Analysts suggest Samsung's current strategy may increasingly focus on supporting its own internal AI and logic chip ecosystem rather than directly challenging TSMC's broader foundry leadership, while South Korea as a whole still lags Taiwan in optical packaging infrastructure and manufacturing ecosystem depth despite expectations that optical processors could become a multibillion-dollar market after 2027.

Samsung's quiet Taiwan play: Pairing memory with foundry to chip away at TSMC

Lee Jae-yong reportedly visited Taiwan in May to meet with Rick Tsai as Samsung intensifies efforts to expand its foundry business and reduce customer dependence on TSMC in the AI era. According to supply chain sources, Samsung is attempting to leverage its strength in high-bandwidth memory (HBM) and DRAM by bundling memory supply with foundry services, a strategy already used to secure business from Tesla and regain some orders from AMD. Samsung is also reportedly willing to offer aggressive pricing models, including charging customers only for functional chips, to attract companies such as MediaTek.

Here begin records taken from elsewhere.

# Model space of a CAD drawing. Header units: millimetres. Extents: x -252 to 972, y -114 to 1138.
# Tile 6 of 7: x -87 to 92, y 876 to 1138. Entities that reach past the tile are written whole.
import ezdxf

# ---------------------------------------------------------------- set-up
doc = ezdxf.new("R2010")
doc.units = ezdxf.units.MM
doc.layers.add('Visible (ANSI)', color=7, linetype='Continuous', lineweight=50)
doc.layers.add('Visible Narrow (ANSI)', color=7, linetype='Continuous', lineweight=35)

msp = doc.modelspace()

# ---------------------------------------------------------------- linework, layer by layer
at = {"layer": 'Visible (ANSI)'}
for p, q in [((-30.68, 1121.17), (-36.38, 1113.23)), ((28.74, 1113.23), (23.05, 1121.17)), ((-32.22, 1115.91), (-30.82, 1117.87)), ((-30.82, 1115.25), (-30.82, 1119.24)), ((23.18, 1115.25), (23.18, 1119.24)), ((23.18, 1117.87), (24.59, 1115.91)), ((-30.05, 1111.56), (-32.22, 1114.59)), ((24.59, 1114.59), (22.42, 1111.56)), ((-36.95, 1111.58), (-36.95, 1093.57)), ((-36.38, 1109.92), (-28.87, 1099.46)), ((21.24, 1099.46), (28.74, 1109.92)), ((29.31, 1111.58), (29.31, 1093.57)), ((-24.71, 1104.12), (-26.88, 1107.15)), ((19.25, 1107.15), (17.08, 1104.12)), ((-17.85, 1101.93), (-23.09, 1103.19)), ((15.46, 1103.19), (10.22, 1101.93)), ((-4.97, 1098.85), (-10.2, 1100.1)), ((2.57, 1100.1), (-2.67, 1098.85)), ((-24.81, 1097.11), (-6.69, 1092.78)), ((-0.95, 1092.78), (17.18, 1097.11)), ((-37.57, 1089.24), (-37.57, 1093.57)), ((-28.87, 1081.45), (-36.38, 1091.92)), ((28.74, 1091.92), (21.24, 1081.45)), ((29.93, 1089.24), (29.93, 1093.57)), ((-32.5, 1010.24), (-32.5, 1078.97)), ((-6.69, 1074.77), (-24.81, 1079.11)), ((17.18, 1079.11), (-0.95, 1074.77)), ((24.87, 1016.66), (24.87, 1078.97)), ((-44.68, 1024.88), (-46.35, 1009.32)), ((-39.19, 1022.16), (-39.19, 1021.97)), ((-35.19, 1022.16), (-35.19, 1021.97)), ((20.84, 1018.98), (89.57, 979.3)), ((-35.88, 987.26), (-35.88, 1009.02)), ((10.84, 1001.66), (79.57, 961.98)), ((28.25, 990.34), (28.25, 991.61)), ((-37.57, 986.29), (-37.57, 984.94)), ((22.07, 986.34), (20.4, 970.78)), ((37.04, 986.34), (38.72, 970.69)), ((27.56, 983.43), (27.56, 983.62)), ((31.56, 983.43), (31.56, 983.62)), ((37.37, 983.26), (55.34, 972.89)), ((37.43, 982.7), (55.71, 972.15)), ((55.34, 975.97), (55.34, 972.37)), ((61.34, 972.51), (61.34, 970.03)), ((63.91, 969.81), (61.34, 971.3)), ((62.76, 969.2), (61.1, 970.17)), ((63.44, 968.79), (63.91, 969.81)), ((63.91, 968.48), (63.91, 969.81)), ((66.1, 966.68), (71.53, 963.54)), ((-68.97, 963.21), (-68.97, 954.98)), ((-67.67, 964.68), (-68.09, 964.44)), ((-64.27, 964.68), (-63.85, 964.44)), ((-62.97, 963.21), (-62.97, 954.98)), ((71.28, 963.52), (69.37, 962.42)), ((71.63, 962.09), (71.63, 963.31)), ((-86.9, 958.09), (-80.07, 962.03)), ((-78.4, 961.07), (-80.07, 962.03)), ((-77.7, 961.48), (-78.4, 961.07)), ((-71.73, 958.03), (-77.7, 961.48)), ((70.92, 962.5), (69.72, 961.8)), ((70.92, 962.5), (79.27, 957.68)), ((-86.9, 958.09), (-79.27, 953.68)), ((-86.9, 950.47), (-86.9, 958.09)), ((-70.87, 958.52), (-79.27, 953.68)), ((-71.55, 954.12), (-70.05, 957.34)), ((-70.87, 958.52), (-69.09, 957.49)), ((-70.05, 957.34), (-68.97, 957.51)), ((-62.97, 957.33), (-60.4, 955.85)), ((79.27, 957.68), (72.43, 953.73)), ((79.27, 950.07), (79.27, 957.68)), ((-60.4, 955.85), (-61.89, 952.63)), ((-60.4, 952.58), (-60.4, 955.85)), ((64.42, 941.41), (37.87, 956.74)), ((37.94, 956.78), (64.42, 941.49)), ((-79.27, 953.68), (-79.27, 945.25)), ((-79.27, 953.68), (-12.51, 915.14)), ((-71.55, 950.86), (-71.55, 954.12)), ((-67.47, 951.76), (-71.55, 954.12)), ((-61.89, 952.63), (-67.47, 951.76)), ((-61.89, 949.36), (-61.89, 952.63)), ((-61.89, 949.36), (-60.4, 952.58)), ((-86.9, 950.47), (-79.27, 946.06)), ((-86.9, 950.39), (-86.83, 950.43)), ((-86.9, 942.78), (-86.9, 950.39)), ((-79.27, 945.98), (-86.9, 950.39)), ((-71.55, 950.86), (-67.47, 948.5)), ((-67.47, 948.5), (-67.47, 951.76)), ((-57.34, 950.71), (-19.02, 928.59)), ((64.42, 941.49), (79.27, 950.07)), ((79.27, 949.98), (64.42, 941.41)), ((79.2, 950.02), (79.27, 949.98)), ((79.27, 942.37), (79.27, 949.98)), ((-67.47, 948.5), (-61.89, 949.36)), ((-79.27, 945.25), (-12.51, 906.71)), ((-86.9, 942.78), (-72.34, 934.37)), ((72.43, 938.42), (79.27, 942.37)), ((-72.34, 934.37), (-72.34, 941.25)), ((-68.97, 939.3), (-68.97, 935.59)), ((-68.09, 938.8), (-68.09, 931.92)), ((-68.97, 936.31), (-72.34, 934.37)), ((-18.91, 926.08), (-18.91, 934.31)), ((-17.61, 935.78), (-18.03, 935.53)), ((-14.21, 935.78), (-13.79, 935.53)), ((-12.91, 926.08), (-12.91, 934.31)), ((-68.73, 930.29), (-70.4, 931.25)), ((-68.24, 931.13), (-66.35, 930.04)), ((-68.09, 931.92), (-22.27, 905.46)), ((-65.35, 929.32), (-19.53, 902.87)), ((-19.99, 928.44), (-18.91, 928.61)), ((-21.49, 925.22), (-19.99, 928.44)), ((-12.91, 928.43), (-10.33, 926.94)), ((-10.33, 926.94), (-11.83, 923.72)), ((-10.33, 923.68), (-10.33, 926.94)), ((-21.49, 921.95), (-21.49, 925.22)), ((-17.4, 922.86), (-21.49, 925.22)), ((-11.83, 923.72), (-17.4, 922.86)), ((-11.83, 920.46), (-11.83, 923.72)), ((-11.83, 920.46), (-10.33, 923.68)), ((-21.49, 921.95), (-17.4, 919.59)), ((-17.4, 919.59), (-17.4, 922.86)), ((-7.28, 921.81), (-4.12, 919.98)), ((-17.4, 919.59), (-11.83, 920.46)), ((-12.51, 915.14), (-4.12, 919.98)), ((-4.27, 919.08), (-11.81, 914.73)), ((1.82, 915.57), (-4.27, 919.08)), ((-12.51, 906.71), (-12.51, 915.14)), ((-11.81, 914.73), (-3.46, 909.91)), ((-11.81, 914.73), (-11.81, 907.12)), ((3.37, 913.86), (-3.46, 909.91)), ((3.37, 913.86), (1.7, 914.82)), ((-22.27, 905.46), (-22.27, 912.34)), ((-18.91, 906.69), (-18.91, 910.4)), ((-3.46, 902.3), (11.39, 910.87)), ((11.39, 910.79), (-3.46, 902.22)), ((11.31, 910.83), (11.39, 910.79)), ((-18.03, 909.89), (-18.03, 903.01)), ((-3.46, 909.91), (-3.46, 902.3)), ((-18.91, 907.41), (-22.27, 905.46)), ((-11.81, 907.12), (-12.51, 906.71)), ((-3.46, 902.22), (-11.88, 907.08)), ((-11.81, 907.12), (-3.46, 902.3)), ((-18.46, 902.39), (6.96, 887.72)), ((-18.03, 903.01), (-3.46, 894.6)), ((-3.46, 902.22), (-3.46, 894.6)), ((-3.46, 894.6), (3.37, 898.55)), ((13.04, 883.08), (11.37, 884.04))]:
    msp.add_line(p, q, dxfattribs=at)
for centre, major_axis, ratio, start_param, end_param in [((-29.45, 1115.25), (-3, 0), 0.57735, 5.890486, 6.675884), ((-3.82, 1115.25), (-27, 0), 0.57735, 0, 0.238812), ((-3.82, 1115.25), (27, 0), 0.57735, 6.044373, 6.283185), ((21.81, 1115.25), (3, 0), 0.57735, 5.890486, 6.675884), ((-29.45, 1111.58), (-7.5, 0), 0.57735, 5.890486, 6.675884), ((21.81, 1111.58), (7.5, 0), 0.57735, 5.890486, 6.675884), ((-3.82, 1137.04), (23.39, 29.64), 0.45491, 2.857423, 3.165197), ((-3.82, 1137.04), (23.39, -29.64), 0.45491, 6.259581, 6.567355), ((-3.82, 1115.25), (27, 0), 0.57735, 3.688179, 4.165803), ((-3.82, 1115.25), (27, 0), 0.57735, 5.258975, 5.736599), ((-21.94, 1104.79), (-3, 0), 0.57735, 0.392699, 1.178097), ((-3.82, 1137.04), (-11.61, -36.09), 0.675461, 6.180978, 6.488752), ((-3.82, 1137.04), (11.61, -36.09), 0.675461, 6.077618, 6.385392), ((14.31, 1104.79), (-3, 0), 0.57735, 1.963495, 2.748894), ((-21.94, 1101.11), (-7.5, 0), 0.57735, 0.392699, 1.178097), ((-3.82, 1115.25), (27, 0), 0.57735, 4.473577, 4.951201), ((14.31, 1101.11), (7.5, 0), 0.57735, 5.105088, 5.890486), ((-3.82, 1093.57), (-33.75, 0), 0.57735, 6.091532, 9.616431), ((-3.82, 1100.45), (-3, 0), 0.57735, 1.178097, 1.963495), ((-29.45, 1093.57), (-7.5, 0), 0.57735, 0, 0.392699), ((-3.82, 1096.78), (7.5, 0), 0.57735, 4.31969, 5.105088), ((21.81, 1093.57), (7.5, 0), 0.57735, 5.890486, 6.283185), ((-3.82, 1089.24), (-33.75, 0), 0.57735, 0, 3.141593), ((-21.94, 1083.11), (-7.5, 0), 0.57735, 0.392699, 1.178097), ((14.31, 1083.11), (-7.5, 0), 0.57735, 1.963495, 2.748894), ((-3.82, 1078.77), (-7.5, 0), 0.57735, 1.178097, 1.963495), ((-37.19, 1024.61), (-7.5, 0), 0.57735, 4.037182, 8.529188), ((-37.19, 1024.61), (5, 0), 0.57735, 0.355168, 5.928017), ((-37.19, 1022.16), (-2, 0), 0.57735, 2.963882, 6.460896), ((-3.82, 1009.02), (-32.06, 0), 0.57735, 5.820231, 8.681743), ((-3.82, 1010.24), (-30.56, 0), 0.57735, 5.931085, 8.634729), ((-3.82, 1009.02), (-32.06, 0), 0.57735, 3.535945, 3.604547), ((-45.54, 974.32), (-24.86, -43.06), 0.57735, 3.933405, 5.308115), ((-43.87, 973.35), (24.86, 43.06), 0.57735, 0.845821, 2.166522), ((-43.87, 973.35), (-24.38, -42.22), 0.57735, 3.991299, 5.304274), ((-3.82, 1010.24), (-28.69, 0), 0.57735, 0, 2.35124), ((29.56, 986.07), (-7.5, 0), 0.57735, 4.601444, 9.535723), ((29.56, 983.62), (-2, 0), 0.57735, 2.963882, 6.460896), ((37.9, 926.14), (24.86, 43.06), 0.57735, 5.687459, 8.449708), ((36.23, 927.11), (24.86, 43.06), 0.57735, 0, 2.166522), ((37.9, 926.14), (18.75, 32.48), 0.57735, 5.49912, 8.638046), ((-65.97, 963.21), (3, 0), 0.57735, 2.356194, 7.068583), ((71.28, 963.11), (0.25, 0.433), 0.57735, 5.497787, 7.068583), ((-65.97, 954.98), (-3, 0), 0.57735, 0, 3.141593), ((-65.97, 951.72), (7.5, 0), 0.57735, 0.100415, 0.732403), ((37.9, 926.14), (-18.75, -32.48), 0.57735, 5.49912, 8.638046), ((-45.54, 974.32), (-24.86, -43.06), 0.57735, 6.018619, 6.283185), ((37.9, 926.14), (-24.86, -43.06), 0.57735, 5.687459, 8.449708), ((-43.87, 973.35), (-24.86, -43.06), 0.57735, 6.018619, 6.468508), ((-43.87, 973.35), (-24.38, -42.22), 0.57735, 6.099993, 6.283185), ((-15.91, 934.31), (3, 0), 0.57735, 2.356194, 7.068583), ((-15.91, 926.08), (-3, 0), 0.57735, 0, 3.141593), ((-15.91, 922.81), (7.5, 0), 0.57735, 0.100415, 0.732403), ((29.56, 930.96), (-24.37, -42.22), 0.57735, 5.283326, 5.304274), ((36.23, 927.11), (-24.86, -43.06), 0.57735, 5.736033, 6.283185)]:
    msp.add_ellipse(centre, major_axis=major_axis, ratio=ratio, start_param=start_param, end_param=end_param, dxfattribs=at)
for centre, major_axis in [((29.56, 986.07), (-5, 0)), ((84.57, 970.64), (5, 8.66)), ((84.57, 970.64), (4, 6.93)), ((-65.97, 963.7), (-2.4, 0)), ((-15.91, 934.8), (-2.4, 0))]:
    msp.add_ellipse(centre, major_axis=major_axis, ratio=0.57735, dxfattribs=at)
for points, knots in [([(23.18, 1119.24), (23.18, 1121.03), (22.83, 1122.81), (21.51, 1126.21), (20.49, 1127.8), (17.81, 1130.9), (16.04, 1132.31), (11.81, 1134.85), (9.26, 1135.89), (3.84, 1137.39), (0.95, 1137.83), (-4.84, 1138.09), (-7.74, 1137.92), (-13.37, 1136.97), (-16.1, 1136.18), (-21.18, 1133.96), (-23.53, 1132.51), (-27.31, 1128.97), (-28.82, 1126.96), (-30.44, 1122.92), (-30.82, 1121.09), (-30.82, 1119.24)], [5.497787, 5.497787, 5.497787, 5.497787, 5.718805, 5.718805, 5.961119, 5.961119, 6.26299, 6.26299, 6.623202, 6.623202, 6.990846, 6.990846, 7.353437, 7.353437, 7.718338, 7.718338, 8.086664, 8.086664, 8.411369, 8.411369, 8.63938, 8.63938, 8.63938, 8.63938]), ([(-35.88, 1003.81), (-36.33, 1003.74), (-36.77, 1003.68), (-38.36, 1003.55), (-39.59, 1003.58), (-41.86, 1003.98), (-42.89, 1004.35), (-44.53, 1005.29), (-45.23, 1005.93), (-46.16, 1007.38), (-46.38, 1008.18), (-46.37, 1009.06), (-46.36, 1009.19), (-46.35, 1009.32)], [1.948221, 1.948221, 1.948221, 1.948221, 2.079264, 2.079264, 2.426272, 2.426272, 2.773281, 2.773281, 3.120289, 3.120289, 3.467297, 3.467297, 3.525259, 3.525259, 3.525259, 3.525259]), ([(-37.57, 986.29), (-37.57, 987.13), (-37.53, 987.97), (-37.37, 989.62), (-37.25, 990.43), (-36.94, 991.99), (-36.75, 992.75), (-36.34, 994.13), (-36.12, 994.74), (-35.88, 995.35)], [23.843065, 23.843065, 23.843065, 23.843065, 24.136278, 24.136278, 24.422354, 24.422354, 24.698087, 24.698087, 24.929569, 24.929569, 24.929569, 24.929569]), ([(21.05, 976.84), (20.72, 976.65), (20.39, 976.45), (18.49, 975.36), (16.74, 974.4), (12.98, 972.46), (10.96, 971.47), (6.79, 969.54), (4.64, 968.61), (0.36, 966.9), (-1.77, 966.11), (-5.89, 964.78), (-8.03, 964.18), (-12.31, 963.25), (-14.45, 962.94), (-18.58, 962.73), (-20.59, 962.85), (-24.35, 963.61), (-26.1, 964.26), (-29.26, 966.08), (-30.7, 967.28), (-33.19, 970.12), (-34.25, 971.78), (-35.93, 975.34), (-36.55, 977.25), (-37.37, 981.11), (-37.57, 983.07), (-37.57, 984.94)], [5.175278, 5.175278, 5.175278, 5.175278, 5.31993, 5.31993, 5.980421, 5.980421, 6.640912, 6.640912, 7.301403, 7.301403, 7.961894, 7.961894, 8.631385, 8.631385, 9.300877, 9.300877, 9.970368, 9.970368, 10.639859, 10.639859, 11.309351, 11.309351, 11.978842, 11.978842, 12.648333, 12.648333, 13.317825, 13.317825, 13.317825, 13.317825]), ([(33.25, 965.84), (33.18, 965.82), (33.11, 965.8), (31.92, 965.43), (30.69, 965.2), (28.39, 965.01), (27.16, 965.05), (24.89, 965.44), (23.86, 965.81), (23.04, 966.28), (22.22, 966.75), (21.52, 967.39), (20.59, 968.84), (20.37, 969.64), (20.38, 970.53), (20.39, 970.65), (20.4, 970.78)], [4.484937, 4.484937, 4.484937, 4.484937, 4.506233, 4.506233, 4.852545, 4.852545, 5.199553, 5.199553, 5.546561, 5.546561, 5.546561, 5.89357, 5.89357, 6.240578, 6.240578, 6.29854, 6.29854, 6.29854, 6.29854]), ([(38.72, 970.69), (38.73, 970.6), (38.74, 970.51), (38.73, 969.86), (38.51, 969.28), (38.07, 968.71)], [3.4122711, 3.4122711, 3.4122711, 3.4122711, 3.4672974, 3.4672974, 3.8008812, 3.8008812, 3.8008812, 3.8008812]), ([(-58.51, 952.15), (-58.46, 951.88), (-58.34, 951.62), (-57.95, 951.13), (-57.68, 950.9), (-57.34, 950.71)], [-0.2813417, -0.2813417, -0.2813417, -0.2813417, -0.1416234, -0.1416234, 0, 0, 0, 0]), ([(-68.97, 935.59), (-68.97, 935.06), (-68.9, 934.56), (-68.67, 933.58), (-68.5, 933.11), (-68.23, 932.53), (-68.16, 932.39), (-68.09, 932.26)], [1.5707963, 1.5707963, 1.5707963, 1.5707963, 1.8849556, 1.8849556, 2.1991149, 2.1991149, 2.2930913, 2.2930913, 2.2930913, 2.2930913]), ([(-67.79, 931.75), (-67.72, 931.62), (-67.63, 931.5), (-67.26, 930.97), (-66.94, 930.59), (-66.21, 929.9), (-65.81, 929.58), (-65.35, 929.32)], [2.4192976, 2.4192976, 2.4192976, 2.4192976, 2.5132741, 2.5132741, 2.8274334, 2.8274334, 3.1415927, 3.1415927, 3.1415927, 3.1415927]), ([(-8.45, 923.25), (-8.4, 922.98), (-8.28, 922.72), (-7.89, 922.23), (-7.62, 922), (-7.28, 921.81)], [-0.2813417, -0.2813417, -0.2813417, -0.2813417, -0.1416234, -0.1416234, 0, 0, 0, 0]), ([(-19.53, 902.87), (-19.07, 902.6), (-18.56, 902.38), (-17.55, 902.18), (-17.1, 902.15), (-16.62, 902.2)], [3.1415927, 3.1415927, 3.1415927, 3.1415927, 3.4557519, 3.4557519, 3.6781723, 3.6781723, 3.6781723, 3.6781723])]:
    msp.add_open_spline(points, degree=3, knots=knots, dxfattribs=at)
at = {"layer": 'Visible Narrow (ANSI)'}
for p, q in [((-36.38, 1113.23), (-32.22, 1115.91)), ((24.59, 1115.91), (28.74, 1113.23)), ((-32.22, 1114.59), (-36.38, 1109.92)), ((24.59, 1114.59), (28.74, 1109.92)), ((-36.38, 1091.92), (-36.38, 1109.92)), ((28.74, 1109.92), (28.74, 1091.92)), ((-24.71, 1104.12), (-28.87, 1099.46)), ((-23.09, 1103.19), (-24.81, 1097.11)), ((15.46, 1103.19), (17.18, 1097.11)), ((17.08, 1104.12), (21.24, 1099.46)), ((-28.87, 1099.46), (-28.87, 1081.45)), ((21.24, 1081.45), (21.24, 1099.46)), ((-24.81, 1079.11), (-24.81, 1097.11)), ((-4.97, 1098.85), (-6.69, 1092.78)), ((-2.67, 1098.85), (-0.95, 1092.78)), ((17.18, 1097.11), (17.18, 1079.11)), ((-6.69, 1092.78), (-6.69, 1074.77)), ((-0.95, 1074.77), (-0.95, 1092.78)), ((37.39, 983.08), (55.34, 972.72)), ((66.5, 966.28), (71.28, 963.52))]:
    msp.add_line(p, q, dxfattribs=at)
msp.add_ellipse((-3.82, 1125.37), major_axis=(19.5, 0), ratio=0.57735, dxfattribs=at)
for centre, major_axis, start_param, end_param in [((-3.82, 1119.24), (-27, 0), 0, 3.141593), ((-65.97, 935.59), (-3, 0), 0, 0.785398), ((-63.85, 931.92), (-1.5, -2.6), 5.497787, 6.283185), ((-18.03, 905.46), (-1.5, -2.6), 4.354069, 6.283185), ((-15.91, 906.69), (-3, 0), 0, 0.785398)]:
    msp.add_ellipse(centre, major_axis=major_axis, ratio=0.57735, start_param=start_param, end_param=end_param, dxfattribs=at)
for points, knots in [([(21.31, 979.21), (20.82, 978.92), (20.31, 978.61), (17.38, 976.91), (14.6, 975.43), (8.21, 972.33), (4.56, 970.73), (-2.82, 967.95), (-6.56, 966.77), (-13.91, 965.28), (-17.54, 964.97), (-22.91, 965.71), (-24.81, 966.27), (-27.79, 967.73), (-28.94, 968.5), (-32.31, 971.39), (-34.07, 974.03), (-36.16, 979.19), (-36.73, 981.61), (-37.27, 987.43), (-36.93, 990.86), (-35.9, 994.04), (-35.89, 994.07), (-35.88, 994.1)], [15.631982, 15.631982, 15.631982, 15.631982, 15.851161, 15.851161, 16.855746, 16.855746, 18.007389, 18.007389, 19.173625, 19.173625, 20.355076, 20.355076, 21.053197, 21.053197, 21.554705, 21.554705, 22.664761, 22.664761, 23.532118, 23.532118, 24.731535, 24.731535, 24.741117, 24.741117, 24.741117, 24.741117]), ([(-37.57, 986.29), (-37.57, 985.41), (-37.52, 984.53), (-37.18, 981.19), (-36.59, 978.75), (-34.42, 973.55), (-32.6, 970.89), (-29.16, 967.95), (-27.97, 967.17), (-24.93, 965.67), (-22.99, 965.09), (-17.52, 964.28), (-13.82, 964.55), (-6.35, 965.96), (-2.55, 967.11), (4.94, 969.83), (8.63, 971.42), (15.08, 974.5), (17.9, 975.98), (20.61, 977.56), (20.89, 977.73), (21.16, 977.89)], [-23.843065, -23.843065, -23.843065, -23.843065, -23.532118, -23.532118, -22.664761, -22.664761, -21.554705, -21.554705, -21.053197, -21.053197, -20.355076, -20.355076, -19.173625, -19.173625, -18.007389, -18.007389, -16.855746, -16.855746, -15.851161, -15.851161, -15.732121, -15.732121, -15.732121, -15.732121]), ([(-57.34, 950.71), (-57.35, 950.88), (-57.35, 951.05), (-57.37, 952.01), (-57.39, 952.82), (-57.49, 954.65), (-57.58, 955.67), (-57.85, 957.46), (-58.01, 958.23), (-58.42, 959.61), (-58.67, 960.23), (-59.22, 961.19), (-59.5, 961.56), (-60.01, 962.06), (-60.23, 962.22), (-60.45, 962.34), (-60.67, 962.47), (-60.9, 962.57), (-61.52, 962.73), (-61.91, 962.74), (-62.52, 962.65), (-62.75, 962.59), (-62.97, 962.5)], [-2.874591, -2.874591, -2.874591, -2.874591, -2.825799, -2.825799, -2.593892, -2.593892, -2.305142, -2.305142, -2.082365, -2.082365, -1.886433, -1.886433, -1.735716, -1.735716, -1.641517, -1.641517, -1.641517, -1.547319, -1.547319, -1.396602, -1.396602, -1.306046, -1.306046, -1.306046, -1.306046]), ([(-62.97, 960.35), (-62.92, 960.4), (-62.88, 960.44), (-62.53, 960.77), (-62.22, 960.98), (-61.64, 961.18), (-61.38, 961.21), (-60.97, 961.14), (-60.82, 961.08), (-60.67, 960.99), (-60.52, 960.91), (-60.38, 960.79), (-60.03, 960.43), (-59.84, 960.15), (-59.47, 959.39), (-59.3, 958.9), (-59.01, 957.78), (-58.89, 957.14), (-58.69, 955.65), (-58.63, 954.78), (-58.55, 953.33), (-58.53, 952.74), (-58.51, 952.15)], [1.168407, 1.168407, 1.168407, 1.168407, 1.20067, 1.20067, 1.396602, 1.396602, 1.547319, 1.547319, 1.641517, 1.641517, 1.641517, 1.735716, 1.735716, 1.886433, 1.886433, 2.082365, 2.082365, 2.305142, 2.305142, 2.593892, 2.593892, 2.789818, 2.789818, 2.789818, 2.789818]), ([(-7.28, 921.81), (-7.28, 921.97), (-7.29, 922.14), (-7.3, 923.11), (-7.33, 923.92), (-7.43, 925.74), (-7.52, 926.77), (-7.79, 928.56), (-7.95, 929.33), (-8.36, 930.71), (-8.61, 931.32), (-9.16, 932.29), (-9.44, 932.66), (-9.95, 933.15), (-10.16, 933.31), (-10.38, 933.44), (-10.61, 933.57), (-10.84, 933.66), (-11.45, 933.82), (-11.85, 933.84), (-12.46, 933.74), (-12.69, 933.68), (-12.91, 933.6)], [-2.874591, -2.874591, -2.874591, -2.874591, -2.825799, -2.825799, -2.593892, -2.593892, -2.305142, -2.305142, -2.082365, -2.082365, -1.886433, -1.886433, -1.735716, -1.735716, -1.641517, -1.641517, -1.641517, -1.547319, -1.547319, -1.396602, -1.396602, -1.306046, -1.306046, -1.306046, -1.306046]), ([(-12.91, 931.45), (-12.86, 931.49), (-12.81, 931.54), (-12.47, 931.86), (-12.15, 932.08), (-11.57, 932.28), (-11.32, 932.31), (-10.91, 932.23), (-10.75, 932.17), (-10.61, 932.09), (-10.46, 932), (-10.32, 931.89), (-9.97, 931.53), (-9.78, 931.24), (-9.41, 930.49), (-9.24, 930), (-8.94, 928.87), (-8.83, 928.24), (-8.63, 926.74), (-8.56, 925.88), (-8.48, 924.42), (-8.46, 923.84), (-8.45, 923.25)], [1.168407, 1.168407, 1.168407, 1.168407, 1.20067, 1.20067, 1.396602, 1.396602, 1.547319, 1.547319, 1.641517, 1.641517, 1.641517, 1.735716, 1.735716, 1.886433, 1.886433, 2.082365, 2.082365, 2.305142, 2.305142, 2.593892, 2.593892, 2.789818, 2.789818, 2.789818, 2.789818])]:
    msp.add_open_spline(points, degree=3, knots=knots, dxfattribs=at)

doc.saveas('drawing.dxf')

Industry observers say the company is under growing pressure to strengthen its position across memory, foundry, advanced packaging, and AI server supply chains as Taiwan's ecosystem becomes increasingly dominant. While Samsung has made some commercial gains and is pursuing new AI and edge computing opportunities, analysts caution that displacing TSMC remains extremely difficult due to Samsung's lower yields, weaker manufacturing stability, and smaller advanced packaging scale, meaning any shift in major AI chip production is likely to happen gradually rather than quickly.